The lead scientist “maintained that he and his scientific colleagues had a responsibility to provide the ‘best scientific findings’ and that it is ‘up to politicians’ to translate the scientific findings into decisions” (Science). This is the linear model of science policy at its worst, literally costing lives because of the mismatch of science and policy risk management paradigms, or as Cash et al. describe, the “loading dock” model of simply delivering scientific results and hoping that the public sphere will pick them up and use them. To the scientists, risk and uncertainty are quantifiable metrics that are difficult to translate into social action. To decision-makers and the public, risk is a socially mediated, multidimensional value that depends on more than just probabilities. Uncertainty has been a traditional sticking point in earth science and policy topics such as climate change. However, Cash et al. demonstrate how bringing together scientists and decision-makers from the beginning helped improve the utility of climate models for end-users. They write, “Scientists began to understand that managers were comfortable making decisions under uncertainty, and managers began to understand the concerns scientists had about making scientific claims in the face of uncertainty.” This was clearly not the case with the Italian scientists and decision-makers.
At first glance, this case provokes outcry from scientists afraid of losing the public’s trust and being put on trial, literally. While it may be presumptuous to actually put scientists on trial for a failure to dialogue with decision-makers, this puts into question the implicit “social contract of science” that has justified basic scientific research since the end of WWII. Sheila Jasanoff told a group of ASU graduate students last spring that, “Scientists have become arrogant, and have not explained to the people why they deserve support... The Enlightenment was not a historical event. It is a process, a mission, a continuous duty to explain yourself” (personal communication, 11 February 2011; not an exact quote, but very close). Jasanoff lays out an alternative claim to the linear model of science policy that she calls “technologies of humility”. In contrast to calls for “more science” to reduce uncertainty, Jasanoff writes that, “what is lacking is not just knowledge to fill the gaps, but also processes and methods to elicit what the public wants, and to use what is already known”. The abstract of her paper states, “governments should reconsider existing relations among decision-makers, experts, and citizens in the management of technology. Policy-makers need a set of ‘technologies of humility’ for systematically assessing the unknown and the uncertain”. Jasanoff and other Science and Society scholars have been writing about the failures of the linear science policy model in predicting risk since the 1980s, when the risk-management paradigm began to crumble in the wake of seemingly “unpredictable” human-technology-based disasters like Chernobyl. Today we face critical policy issues from climate change to toxic chemicals that fundamentally depend upon and understanding of environmental science, but just understanding the science is not enough. We need a new model of science policy that incorporates the needs of decision-makers and stakeholders from the start, not after it’s too late.
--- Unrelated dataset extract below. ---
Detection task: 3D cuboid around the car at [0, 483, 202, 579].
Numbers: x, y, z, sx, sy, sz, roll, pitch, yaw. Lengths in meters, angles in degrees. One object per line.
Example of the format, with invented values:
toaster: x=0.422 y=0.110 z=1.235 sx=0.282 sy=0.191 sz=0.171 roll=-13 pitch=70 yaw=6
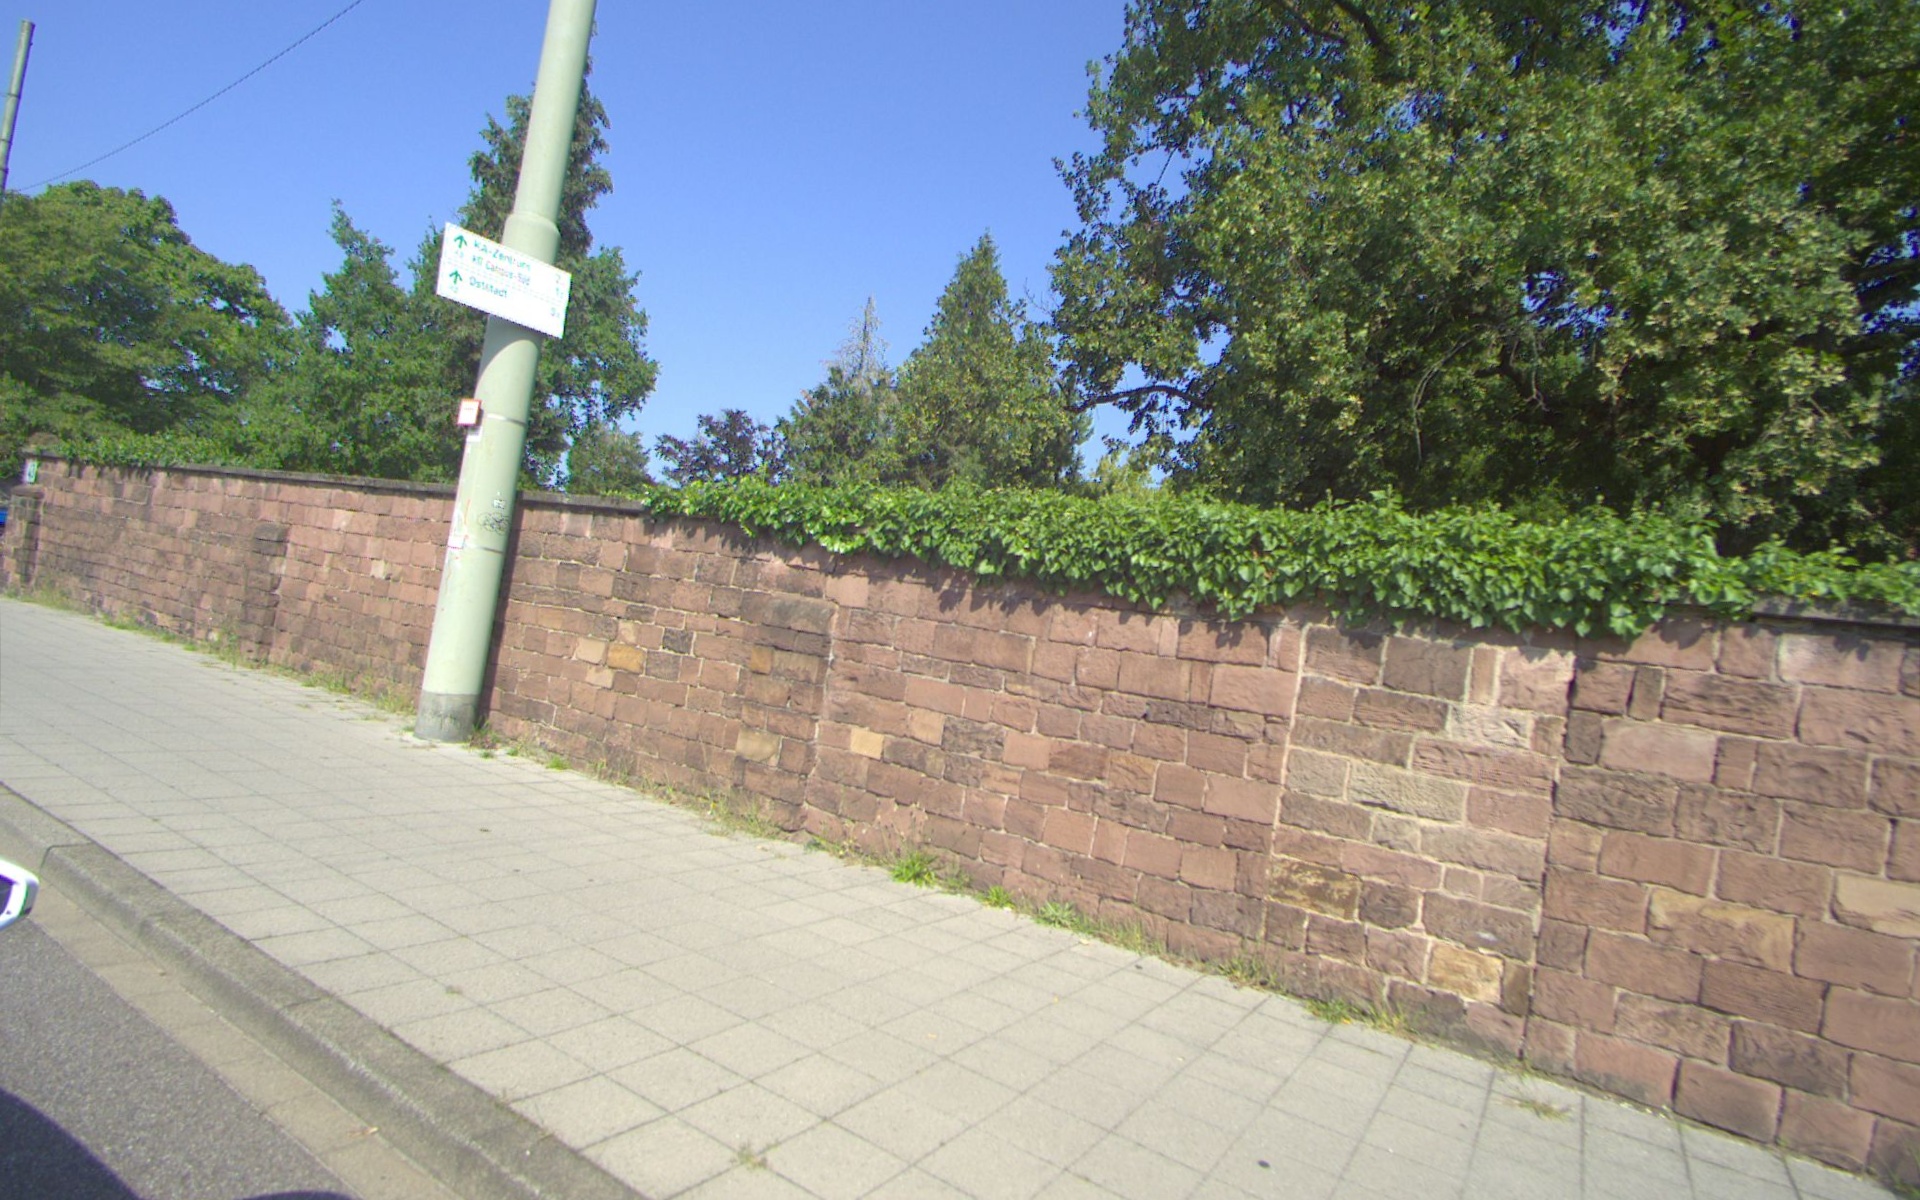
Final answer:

About the author: Marci Baranski is a doctoral student in ASU’s Biology and Society program.


If a crime has been committed, intent is usually considered quite relevant. Intent may have influenced the charges being manslaughter rather than some form of murder.
My concern in this specific case, given the available evidence (due to my lack of Italian fluency), is that one group involved in the decisionmaking appears to have foisted responsibility away to another group. If the scientists were making the decision to evacuate or not (as opposed to a recommendation on whether to evacuate or an estimate of possible tremors), then the responsibility seems clearer.
Regardless of legal liability (which seems to be assigned after the fact in this case), I don't expect this matter to do anything to clarify responsibilities, obligations and liabilities in the solicitation and use of science advice.